* _ABOUT THIS EXERCISE_
Give the number of lines in the material below that contain the word "values". No other content is needed.

* _STORED DATA_
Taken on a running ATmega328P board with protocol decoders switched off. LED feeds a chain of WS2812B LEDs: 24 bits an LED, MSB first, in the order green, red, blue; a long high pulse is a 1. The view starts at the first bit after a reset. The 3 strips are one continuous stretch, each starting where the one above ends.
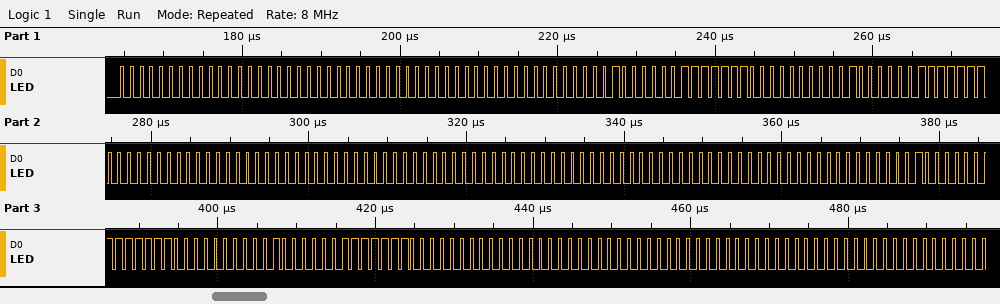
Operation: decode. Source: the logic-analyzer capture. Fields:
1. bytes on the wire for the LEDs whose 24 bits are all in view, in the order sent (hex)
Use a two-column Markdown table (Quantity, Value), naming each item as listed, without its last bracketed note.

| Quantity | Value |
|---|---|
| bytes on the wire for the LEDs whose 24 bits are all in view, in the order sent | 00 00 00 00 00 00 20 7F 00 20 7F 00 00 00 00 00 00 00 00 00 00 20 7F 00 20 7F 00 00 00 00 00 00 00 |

...

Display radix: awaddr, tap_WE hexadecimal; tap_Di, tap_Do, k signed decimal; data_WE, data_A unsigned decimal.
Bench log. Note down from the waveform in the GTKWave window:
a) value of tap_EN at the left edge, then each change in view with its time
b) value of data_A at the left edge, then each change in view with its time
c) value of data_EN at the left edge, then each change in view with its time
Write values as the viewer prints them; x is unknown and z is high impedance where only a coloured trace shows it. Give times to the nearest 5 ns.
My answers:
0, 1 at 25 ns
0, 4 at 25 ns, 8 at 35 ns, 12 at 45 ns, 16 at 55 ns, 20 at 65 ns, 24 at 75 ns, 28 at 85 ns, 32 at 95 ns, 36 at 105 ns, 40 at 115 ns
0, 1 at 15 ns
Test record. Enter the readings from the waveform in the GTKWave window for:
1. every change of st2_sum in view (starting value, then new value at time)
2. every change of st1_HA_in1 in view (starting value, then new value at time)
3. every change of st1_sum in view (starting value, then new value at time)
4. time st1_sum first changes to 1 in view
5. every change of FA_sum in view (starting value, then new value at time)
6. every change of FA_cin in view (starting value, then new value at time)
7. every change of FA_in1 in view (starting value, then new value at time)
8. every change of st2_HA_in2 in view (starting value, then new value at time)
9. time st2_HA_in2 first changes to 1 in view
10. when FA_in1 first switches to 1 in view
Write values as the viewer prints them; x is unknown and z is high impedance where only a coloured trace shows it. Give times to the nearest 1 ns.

* _SOLUTION TO THIS EXERCISE_
2